In recent years, owing to the improvement of computer hardware,[34],[35] the growth of training data, and the progress in algorithm development, deep neural networks demonstrated boosted performance of image analysis compared to the traditional machine learning methods. By far, there have been several important reviews for medical image analysis or bioinformatics processing with deep learning approaches,[36],[37],[38],[39] but the survey on biological image processing is still rare. Therefore, this paper summarizes the ongoing research progress of deep learning in biological microscopic image processing for the scientists of related research directions. In this paper, we will briefly introduce the basic knowledge and development status of deep learning and then review its applications in microscopic image analysis. A comparison between deep learning and traditional machine learning methods is made, and the existing obstacles and viable solutions of biological image analysis are also discussed.
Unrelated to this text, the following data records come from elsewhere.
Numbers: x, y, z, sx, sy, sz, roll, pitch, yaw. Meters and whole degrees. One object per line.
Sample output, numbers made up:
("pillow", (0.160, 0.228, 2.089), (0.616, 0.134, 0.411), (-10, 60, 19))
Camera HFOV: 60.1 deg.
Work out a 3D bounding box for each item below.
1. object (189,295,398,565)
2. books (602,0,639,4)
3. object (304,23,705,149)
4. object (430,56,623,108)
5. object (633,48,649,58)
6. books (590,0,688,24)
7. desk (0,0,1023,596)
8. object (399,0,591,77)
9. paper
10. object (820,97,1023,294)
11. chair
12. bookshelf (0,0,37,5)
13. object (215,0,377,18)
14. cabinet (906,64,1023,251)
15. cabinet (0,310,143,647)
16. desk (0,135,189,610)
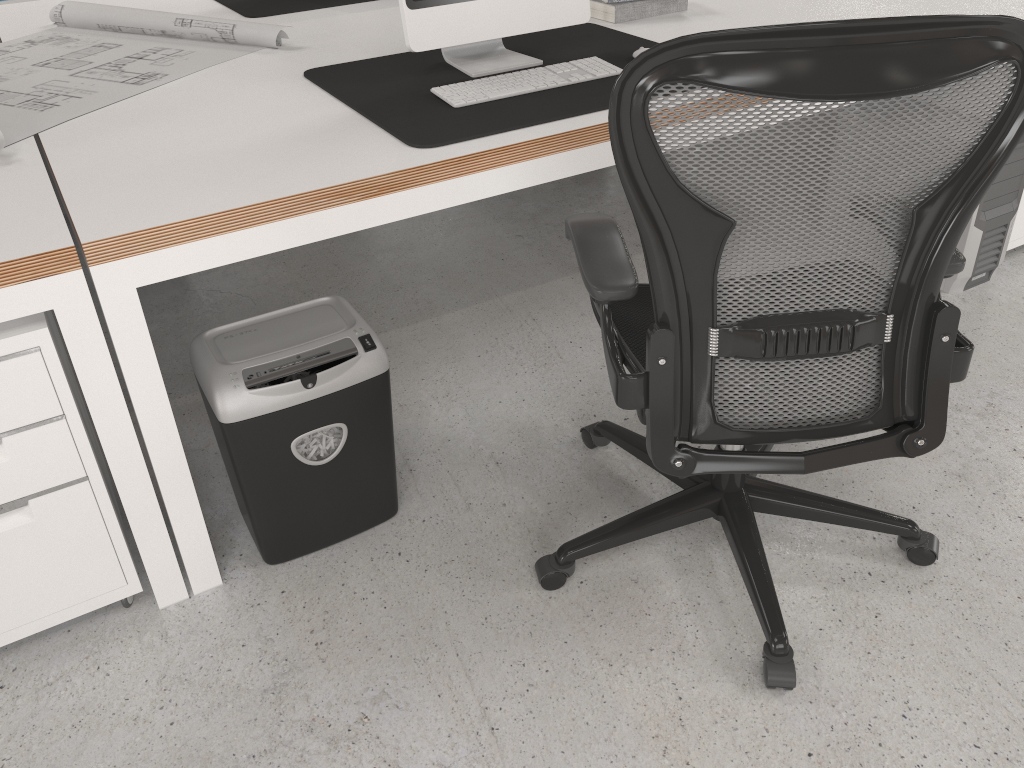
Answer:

Basic Knowledge of Deep Learning Image Processing | |  |
In the last decade, deep learning methods based on convolutional neural networks (CNNs)[40],[41],[42] have experienced a dramatic development, particularly in the field of image processing.[43],[44],[45] They have made revolutionary changes in many areas such as face detection,[46] natural language processing,[47],[48] human behavioral recognition,[49],[50] image segmentation,[51],[52],[53] and video processing.[54],[55],[56],[57] Typical CNN consists of one or more of the following layers, i.e., convolutional layer, pooling layer, and fully connected layer. CNNs are extensively used in the realm of image analysis, including image classification and recognition, object detection, and image segmentation. The following subsections will briefly introduce these applications.
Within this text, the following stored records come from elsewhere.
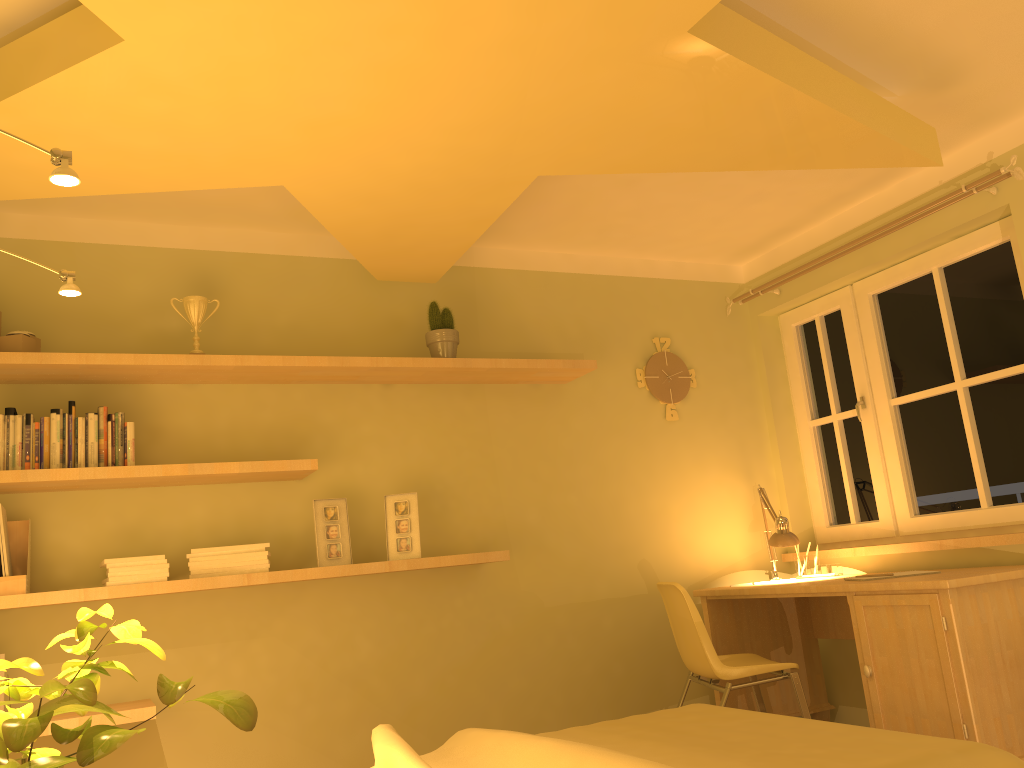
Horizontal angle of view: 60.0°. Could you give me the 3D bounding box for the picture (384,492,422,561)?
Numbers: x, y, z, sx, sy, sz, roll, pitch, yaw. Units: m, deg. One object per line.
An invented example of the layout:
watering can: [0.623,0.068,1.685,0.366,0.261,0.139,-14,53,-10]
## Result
picture: [-0.433,0.580,3.586,0.134,0.264,0.171,-6,-12,0]

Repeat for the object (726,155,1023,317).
object: [1.576,-0.600,4.023,0.190,0.113,1.708,0,-13,-26]

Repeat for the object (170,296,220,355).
object: [-1.217,-0.201,3.415,0.095,0.268,0.160,-14,-14,33]

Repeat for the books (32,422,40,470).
books: [-1.647,0.232,3.076,0.021,0.172,0.157,0,-13,-26]

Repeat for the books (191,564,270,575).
books: [-1.033,0.684,3.257,0.270,0.015,0.190,-2,-13,-18]

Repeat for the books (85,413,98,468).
books: [-1.495,0.217,3.153,0.040,0.203,0.157,0,-13,-26]

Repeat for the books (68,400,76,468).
books: [-1.553,0.195,3.131,0.021,0.247,0.157,0,-13,-26]

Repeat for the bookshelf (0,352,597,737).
bookshelf: [-0.797,0.530,3.412,2.605,1.240,0.300,0,-13,-26]

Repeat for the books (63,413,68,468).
books: [-1.569,0.217,3.119,0.017,0.203,0.155,0,-13,-26]

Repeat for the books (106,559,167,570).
books: [-1.327,0.642,3.136,0.190,0.015,0.270,0,-13,-24]

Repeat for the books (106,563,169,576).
books: [-1.322,0.655,3.126,0.190,0.015,0.270,0,-13,-26]

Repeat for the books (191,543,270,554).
books: [-1.041,0.611,3.272,0.270,0.015,0.190,-1,-13,-20]

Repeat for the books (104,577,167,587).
books: [-1.325,0.699,3.116,0.190,0.015,0.270,0,-13,-26]

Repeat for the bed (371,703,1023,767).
bed: [-0.152,0.869,1.884,2.378,0.894,1.286,0,-13,-26]

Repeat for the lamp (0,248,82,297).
lamp: [-1.269,-0.301,2.005,0.533,0.178,0.050,0,-13,-26]

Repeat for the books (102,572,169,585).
books: [-1.327,0.684,3.119,0.190,0.015,0.270,1,-14,-29]

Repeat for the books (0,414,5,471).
books: [-1.754,0.217,3.029,0.040,0.203,0.157,0,-13,-26]

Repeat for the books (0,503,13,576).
books: [-1.690,0.559,2.968,0.043,0.296,0.210,0,-13,-26]

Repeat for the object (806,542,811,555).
object: [1.415,0.842,4.272,0.073,0.155,0.008,-12,-13,28]

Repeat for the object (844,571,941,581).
object: [1.492,0.755,3.492,0.300,0.010,0.210,-6,-12,-1]

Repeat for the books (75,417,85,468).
books: [-1.523,0.224,3.129,0.032,0.184,0.173,0,-13,-26]

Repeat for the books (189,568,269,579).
books: [-1.032,0.698,3.254,0.270,0.015,0.190,-3,-12,-15]

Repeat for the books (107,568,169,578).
books: [-1.322,0.671,3.129,0.190,0.015,0.270,0,-13,-25]

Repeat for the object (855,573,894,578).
object: [1.421,0.753,3.481,0.008,0.009,0.166,2,-14,-34]

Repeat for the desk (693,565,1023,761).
desk: [1.473,1.155,3.599,0.684,0.720,1.396,0,-13,-26]

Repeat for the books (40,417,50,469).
books: [-1.626,0.223,3.095,0.032,0.193,0.146,0,-13,-26]

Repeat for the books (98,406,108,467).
books: [-1.468,0.207,3.180,0.032,0.229,0.138,0,-13,-26]

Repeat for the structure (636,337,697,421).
structure: [0.787,-0.029,4.475,0.360,0.432,0.027,0,-13,-26]

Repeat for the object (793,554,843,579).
object: [1.437,0.860,4.192,0.070,0.105,0.240,2,-14,-33]

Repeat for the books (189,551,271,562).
books: [-1.031,0.638,3.261,0.270,0.015,0.190,-3,-12,-13]

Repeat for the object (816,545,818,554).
object: [1.448,0.837,4.223,0.043,0.138,0.010,-15,-15,37]

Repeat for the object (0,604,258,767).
object: [-0.468,0.660,0.870,0.372,0.944,0.828,2,-14,-32]

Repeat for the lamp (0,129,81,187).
lamp: [-1.008,-0.442,1.463,0.533,0.178,0.050,0,-13,-26]

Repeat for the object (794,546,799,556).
object: [1.384,0.842,4.281,0.009,0.162,0.053,-15,-15,38]

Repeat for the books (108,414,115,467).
books: [-1.438,0.220,3.180,0.022,0.198,0.157,0,-13,-26]

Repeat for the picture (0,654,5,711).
picture: [-1.753,0.985,2.816,0.131,0.219,0.247,-16,-16,40]

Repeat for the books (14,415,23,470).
books: [-1.697,0.220,3.055,0.022,0.198,0.157,0,-13,-26]

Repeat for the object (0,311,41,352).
object: [-1.841,-0.187,3.085,0.349,0.229,0.234,0,-13,-25]

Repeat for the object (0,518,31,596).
object: [-1.670,0.579,2.973,0.087,0.259,0.236,0,-13,-26]

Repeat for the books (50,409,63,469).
books: [-1.592,0.209,3.103,0.038,0.217,0.166,0,-13,-26]

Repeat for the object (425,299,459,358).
object: [-0.302,-0.225,3.814,0.145,0.294,0.145,6,-17,-44]

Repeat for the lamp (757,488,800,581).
lamp: [1.227,0.703,4.202,0.140,0.455,0.484,-6,-12,-1]

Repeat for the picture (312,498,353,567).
picture: [-0.723,0.590,3.492,0.134,0.264,0.171,0,-13,-27]

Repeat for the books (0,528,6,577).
books: [-1.696,0.559,2.961,0.036,0.296,0.210,0,-13,-26]

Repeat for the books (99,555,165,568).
books: [-1.338,0.624,3.119,0.190,0.015,0.270,1,-13,-28]

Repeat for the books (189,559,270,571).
books: [-1.029,0.667,3.253,0.270,0.015,0.190,-3,-12,-14]

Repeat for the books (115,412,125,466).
books: [-1.414,0.217,3.192,0.032,0.203,0.157,0,-13,-26]

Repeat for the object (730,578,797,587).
object: [1.158,0.917,4.092,0.300,0.009,0.040,-7,-12,4]

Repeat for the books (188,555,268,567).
books: [-1.037,0.653,3.256,0.270,0.015,0.190,-3,-12,-15]

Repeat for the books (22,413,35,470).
books: [-1.672,0.217,3.068,0.032,0.203,0.157,0,-13,-26]

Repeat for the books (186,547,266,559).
books: [-1.051,0.628,3.277,0.270,0.015,0.190,-3,-12,-15]

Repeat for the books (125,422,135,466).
books: [-1.379,0.234,3.193,0.032,0.163,0.178,0,-13,-26]

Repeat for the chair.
chair: [0.851,1.181,3.583,0.546,0.785,0.531,-5,-12,-6]

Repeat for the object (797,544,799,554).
object: [1.389,0.844,4.297,0.034,0.165,0.009,2,-14,-33]

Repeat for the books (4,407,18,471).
books: [-1.726,0.207,3.055,0.032,0.229,0.138,0,-13,-26]

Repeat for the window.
window: [1.826,0.077,4.057,0.142,1.263,1.486,0,-13,-26]

Deep learning for image classification
Deep learning-based image classification is to recognize and classify specific objects in images using specially trained deep neural networks. LeNet series deep neural networks were the early models for classification and recognition, with LeNet-5[58] as a pioneer. In 2012, AlexNet with highly promoted performance was developed.[59] Compared with LeNet-5, the major updates for AlexNet are the adoption of several new training techniques, including dropout,[60] regularization,[61] data augmentation, and the employment of Relu[62] as the activation function. More importantly, with the development of modern computer hardware, AlexNet was able to employ multi-GPU parallel methods for training deeper network structure to improve the overall performance. VGG nets[63] in 2014 have acceded the elite of AlexNet but exceeded it with much deeper network structure. With a better hardware support, VGG net could reach as many as 19 layers. Among the set of VGG nets, VGG-16 net is proved to have the best performance. To make the network deeper, ResNet[64] was developed by Microsoft Research, with as many as 152 layers trained, which is 8 times deeper than a comparable VGG network. The principle adjustment made by ResNet is to employ the idea of highway networks,[65] which means that the inputs of a lower layer are made available to a node in a higher layer. With revised deeper structure, ResNet is easier to be trained and has better accuracy. Among these deep learning-based image classification models, VGG-16 and ResNet are more popular and are widely used as an image classification model in varied applications, due to the better performance–cost ratio and less computation burden.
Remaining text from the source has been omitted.